WORK TO BE COMPLETED =>
Look through the material below and copy exactly the lines from the line with "For each item" to the line with "2. person (901,150,1052,538)", those two lines included.

LISTED ENTRIES =>
※
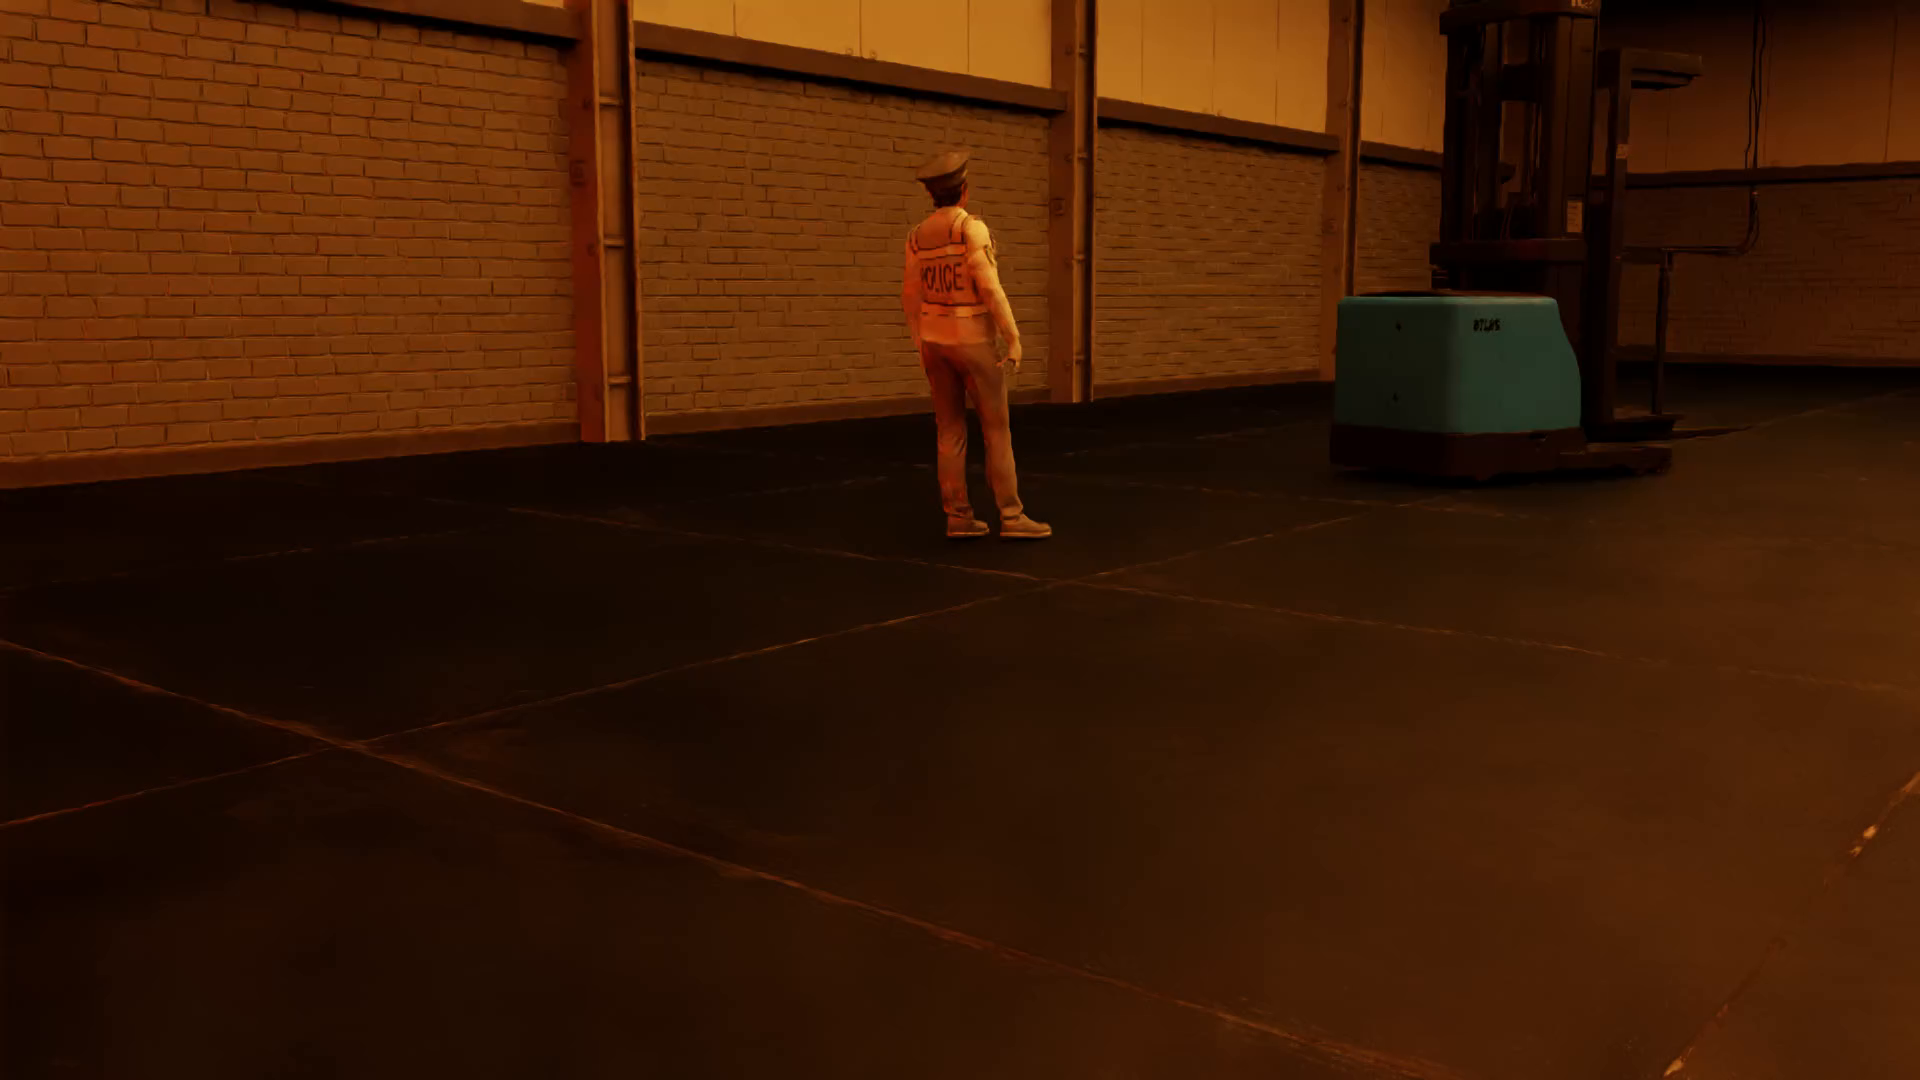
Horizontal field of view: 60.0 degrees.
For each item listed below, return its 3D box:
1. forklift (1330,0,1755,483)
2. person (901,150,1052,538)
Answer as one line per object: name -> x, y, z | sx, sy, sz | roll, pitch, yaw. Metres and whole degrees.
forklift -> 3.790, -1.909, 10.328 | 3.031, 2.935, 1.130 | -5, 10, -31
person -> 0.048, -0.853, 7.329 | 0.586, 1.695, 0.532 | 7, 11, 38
※
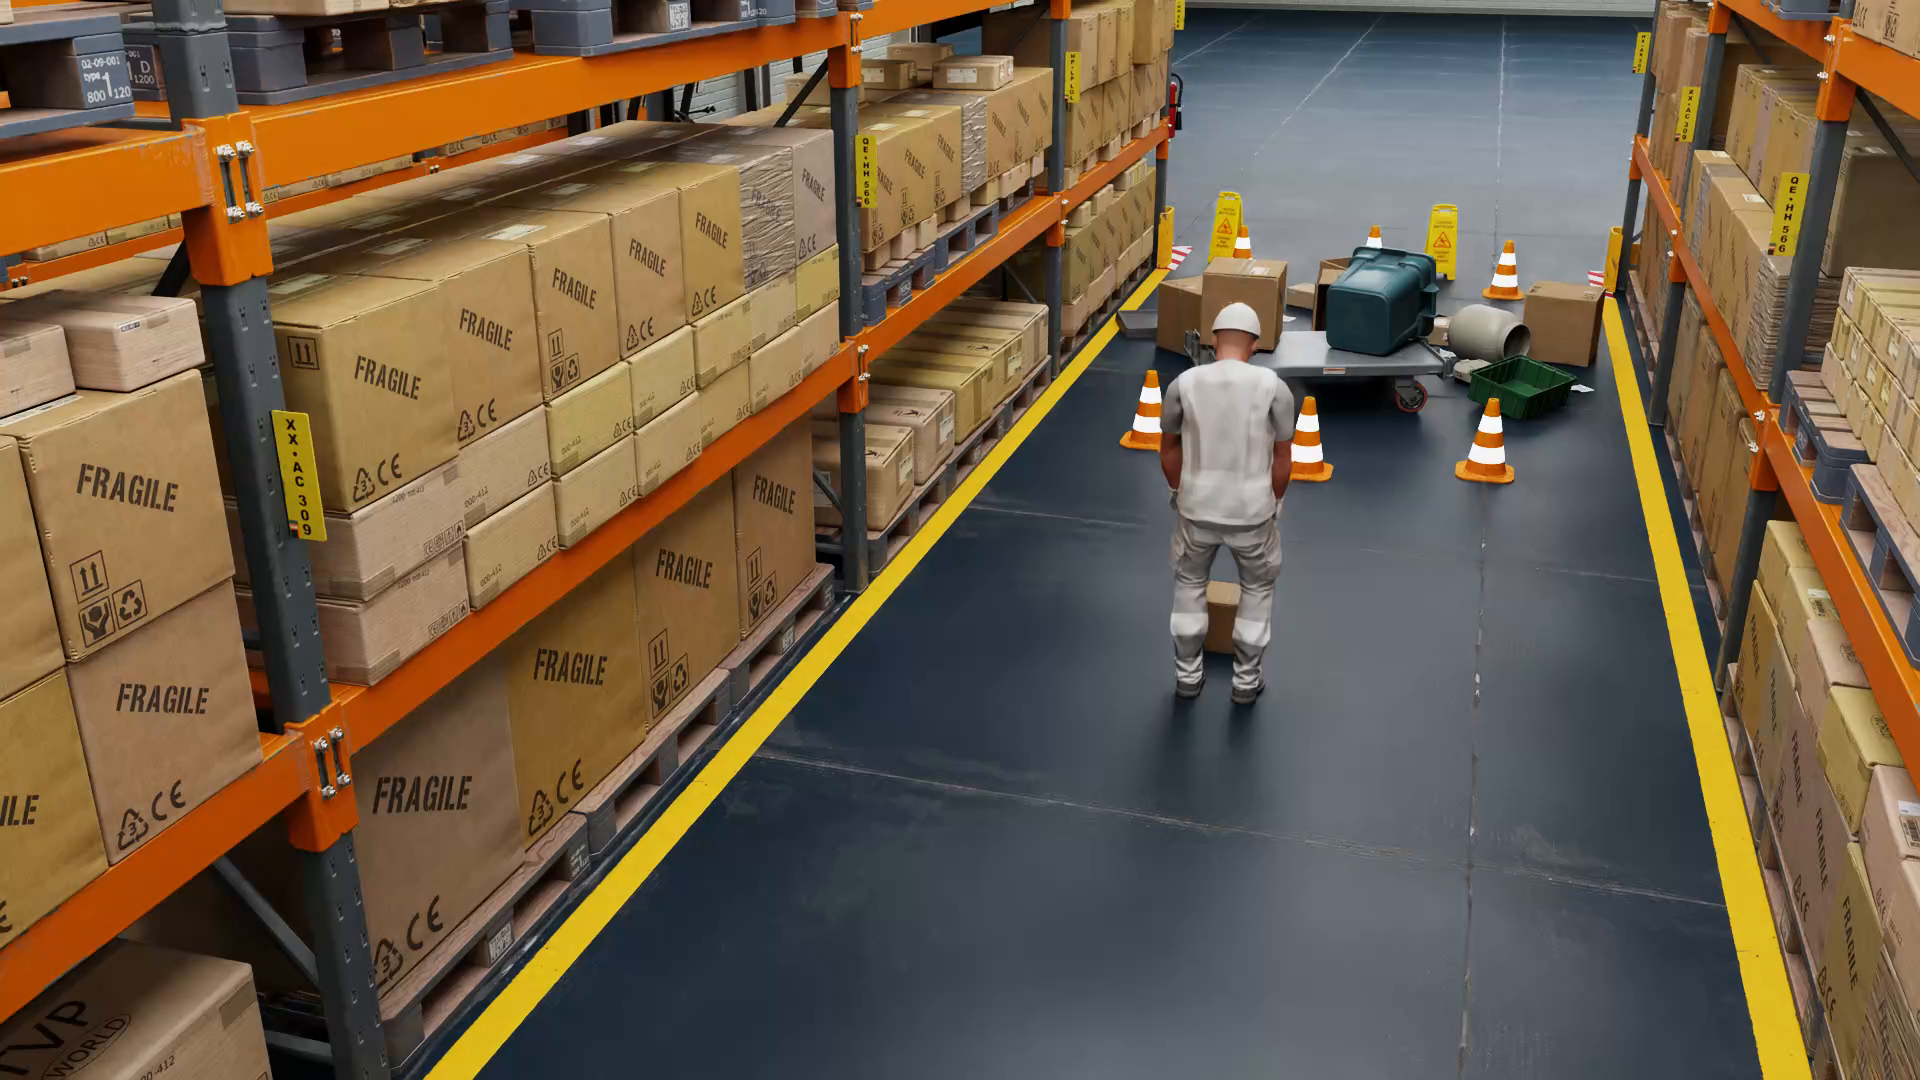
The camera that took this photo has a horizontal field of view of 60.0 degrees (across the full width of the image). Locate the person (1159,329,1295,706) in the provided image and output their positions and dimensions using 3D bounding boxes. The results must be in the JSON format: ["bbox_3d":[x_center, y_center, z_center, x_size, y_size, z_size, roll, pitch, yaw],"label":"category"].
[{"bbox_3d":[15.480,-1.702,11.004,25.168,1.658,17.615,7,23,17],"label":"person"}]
※
RESULT =>
For each item listed below, return its 3D box:
1. forklift (1330,0,1755,483)
2. person (901,150,1052,538)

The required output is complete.